Table 2. Performance comparison of three methods in the experiment (in percentage).

Method

Accuracy

Balanced accuracy

Sensitivity

Specificity

Precision

F1 score

CART

84.14

82.02

88.97

75.06

87.04

87.99

XGBoost

83.82

79.39

93.86

64.92

83.44

88.34

Proposed auto-ML scheme

86.17

84.08

90.90

77.26

88.27

89.57

 

Author Response File: Author Response.pdf

Round 3

Reviewer 1 Report

The authors' response presents a strength of the model in that is "adaptable to various clinical conditions" to identify combinations of strategies and risk factors.  A brief description of the type of preparation and annotation the user must do to adapt the model would be appropriate and make the article more accessible to a broader range of practitioners and researchers.  

Author Response

Thanks for your suggestion.
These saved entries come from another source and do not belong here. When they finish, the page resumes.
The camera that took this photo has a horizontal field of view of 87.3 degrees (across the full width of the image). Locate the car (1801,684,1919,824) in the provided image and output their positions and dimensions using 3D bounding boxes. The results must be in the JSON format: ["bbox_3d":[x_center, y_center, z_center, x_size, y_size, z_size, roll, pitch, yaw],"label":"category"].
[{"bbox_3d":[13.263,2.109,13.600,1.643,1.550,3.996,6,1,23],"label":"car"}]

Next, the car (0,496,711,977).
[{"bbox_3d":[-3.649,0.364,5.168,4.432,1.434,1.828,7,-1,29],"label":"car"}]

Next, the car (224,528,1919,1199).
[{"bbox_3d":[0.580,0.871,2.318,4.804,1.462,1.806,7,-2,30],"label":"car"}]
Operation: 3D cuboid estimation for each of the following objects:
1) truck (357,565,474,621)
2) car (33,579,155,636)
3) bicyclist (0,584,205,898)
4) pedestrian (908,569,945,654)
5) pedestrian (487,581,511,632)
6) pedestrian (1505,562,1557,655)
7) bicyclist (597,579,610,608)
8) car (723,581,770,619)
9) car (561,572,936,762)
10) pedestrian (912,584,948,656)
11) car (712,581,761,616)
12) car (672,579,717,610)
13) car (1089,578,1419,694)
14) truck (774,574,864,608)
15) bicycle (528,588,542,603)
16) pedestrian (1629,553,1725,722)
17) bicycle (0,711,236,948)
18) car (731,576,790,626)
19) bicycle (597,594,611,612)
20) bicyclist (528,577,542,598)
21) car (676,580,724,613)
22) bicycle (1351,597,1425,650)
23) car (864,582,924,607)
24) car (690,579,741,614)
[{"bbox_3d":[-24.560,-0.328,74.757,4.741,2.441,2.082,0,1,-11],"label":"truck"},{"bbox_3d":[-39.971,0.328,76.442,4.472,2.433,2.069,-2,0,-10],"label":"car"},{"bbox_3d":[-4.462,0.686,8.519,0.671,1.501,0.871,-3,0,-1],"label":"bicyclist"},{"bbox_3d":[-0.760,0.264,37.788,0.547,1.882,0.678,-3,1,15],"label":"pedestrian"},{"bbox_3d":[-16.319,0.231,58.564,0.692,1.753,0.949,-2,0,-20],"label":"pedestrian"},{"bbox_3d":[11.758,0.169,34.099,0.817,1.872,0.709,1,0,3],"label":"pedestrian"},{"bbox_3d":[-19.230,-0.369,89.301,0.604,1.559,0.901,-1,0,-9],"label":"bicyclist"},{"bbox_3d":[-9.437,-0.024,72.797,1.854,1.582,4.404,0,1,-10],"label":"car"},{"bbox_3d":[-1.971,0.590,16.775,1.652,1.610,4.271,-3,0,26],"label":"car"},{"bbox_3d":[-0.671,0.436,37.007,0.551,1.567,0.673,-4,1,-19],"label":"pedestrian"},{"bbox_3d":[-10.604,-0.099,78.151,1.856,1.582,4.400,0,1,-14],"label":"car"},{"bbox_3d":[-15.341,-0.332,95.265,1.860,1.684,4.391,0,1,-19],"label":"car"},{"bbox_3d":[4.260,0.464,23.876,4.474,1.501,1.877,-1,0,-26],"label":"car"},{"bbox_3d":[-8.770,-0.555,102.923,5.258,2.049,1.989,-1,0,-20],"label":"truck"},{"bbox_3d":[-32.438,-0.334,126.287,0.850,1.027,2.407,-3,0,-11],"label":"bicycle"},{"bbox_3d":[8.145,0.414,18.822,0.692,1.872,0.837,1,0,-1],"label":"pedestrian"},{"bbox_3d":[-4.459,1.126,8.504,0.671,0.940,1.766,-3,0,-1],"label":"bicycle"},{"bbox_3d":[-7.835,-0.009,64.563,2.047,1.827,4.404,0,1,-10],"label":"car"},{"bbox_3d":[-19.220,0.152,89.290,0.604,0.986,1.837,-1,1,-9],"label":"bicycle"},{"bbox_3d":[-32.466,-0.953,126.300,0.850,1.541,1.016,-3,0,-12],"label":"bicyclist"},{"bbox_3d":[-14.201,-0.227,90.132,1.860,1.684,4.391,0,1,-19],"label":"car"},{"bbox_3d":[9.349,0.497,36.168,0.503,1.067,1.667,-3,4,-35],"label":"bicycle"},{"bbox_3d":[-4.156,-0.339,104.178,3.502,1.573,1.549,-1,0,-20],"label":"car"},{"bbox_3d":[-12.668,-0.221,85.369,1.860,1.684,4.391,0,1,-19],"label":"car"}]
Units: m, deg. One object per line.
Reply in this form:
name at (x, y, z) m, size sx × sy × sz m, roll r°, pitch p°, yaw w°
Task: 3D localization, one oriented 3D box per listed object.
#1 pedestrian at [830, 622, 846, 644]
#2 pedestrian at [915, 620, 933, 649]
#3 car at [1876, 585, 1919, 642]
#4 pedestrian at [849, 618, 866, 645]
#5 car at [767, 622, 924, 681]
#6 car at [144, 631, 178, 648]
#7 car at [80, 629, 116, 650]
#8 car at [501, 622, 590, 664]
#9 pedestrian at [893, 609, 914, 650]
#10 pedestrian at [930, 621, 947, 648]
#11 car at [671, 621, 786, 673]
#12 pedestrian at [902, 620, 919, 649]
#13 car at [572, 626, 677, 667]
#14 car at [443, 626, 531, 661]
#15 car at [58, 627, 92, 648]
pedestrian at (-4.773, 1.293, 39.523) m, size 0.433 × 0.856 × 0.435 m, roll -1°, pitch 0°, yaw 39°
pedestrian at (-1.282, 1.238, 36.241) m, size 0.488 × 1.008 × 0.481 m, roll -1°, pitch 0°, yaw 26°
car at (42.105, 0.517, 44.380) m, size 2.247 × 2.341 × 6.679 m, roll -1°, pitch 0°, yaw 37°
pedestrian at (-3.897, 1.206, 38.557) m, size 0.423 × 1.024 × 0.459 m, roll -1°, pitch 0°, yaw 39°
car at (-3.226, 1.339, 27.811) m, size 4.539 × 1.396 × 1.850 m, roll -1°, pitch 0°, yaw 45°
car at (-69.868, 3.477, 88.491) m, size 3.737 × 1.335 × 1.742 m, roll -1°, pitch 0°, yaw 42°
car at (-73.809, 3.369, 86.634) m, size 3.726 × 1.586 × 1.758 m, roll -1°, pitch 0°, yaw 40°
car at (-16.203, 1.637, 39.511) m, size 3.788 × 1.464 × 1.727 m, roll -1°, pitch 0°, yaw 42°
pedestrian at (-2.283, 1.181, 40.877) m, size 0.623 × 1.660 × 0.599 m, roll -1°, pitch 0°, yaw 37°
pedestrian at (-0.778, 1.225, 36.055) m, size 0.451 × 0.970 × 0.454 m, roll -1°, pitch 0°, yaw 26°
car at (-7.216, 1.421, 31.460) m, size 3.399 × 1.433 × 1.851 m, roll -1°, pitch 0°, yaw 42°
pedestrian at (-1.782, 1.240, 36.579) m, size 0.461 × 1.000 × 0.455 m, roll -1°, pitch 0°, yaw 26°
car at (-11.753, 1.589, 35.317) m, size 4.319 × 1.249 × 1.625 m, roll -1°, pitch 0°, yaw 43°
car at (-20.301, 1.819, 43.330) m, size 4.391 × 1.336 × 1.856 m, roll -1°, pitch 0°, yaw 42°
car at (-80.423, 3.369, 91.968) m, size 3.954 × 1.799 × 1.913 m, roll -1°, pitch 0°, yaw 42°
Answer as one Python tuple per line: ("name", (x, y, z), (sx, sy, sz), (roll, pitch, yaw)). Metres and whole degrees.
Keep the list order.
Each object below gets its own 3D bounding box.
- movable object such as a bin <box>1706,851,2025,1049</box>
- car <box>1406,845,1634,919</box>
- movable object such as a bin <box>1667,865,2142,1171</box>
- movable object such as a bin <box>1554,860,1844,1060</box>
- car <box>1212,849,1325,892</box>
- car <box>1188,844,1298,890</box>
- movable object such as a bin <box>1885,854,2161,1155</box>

To further illustrate the type of preparation and annotation, we add the following descriptions in the revised version.

“Our automated machine learning model illustrates the possibility of assessing the combination of these risk factors under various clinical conditions. For different clinical datasets, the appropriate data preprocessing strategy, feature selection strategy, cross-validation strategy or model learning strategy can be adapted automatically. As long as the user prepares his own custom dataset with appropriate annotation. The data type of the feature can be either class or continuous, and the response should be binary. The proposed method can determine the corresponding strategy combinations and risk factors in a small number of training sessions without any manual intervention.”

Please refer to the Conclusions Section of the revised manuscript.